Und ich meine hier reale Szenarien und nicht extra RAM Benchmarks


----------



## drstoecker (28. Juli 2019)

Es kommt immer auf die Anwendung und auf den ram an, aber einen Unterschied wirst du keinen merken.
kannste ja mal testen, stell den ram auf 2133mhz und dann auf 3200, ich wette selbst da merkst du keinen Unterschied.


----------



## CadCad (28. Juli 2019)

ich dank euch schonmal für die Meinungen 

die RGB Ram kamen mir jetzt nur grad auf , weil die atm im Preisbereich liegt und ich so etwas mehr Beleuchtung bekomme.
Da muss mein Lüfter dann net alleine leuchten


----------



## davidwigald11 (28. Juli 2019)

wenn du auf RGB stehst, wirst du mit Sicherheit an der Beleuchtung mehr Freude haben als an den 200 MHz mehr. 
Da merkst du wirklich nichts. Es wird nur der 3200er meist empfohlen hier, weil er nicht deutlich teurer als 3000er ist.

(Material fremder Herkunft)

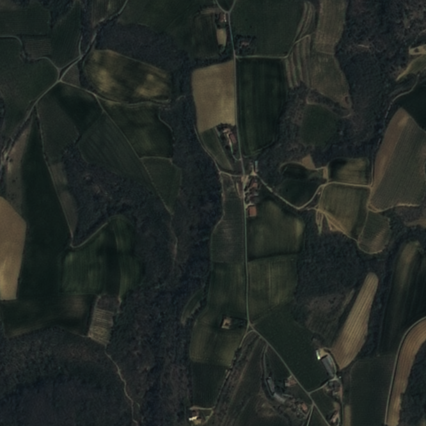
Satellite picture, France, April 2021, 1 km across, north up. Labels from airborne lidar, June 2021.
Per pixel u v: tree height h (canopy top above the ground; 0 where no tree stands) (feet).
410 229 22
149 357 90
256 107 0
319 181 22
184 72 62
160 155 0
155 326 66
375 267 44
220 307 0
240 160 0
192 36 0
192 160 71
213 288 0
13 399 64
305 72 0
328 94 0
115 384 19
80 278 0
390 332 0
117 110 0
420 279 0
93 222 79
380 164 0
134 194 46
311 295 39
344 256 39
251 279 0
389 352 0
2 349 32
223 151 0
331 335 0
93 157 0
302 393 0
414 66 0
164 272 26
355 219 0
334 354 0
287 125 50
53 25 26
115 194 49
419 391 40
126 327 46
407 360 0
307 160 0
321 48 0
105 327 0
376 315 41
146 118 0
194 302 0
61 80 0
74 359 31
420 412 76
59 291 0
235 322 27
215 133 0
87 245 0
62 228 0
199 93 0
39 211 0
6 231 0
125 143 0
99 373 33
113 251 0
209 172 55
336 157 49
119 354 22
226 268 0
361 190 0
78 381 70
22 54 22
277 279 0
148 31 47
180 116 68
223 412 28
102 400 70
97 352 32
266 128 0
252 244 0
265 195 0
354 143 49
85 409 91
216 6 20
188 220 46
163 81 0
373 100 35
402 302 0
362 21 35
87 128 0
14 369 71
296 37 0
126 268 0
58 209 0
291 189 0
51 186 0
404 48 32
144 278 31
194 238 29
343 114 22
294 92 43
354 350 0
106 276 0
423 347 27
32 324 0
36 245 0
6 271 0
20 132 37
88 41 41
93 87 28
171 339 31
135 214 101
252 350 30
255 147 0
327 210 0
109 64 0
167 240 36
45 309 0
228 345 0
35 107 30
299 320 27
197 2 0
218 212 61
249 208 0
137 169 0
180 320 24
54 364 68
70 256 0
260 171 52
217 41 0
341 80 0
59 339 52
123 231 0
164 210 20
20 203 0
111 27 27
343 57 63
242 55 40
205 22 0
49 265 0
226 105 0
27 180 0
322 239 35
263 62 0
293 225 0
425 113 0
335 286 31
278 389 31
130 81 0
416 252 0
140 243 43
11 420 56
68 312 0
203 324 0
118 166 0
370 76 25
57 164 0
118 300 30
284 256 0
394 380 0
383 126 50
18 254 0
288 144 28
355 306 0
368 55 38
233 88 0
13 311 0
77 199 58
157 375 32
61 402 79
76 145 40
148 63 31
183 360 30
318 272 33
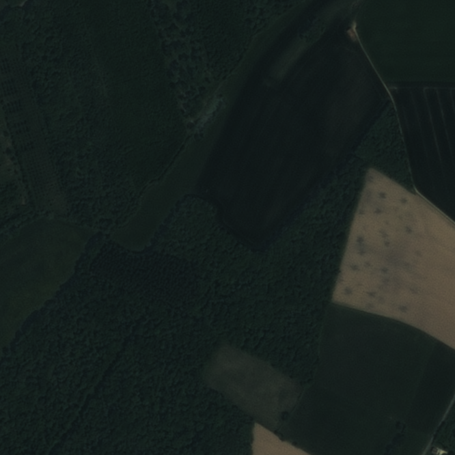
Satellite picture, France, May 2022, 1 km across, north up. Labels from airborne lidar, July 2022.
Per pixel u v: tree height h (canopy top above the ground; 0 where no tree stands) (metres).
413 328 0
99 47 8
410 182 17
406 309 0
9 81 8
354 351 0
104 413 30
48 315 26
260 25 17
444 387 0
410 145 0
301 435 0
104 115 18
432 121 0
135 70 8
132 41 12
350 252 0
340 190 18
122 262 28
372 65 0
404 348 0
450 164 0
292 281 30
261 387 0
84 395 18
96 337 25
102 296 30
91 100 17
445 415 0
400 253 0
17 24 28
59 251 0
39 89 27
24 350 22
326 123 0
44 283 0
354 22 0
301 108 0
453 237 0
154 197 0
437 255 0
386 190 0
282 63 0
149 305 23
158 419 18
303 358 30
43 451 18
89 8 9
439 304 0
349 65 0
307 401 0
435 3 0
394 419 0
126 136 7
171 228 18
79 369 29
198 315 18
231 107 0
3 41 24
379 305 0
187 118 24
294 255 29
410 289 0
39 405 34
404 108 0
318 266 25
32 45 28
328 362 0
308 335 27
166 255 9
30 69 12
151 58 10
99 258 31
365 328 0
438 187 0
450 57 0
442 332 0
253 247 0
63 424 24
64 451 29
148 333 21
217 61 15
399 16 0
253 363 0
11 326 0
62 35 18
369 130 13
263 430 0
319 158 0
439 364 0
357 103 0
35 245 0
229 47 14
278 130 0
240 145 0
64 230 0
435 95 0
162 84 10
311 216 23
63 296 24
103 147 20
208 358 24
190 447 12
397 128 11
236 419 19
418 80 0
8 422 20
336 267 22
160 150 10
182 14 24
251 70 0
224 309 22
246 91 0
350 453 0
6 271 0
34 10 27
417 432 0
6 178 0
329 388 0
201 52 21
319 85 0
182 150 13
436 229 0
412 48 0
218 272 23
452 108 0
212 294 20
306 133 0
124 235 0
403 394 0
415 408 0
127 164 11
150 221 0
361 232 0
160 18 24
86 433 19
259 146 0
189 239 27
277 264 28
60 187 9
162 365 27
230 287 17
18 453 23
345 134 0
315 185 0
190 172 0
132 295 28
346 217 24
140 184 8
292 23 0
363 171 17
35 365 18
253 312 26
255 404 0
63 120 25
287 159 0
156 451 15
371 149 20
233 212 0
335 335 0
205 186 0
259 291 30
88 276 21
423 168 0
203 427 21
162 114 9
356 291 0
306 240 27
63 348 27
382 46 0
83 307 29
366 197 0
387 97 0
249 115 0
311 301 27
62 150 23
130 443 28
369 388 0
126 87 6
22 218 9
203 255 18
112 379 26
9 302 0
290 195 0
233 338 28
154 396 17
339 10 0
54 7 17
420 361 0
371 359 0
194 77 30
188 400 30
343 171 20
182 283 30
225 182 0
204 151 0
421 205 0
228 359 0
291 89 0
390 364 0
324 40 0
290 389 0
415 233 0
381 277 0
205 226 25
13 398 25
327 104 0
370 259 0
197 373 24
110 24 10
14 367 16
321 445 0
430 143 0
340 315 0
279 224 0
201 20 11
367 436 0
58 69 23
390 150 16
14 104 11
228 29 17
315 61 0
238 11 15
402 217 0
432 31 0
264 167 0
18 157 12
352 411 0
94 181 30
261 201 0
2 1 0
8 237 14
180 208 22
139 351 27
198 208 22
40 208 12

Ich hab kürzlich ein System gebaut mit 3200er RAM und erstmal tagelang gezockt bevor ich zufällig beim auslesen von Temperaturen in CPU-Z bemerkt habe, dass der RAM nur auf 2133 MHz lief, weil das XMP Profil noch nicht aktiviert war. Habs dann aktiviert und ich muss sagen: Es ist einfach alles exakt genauso wie vorher


----------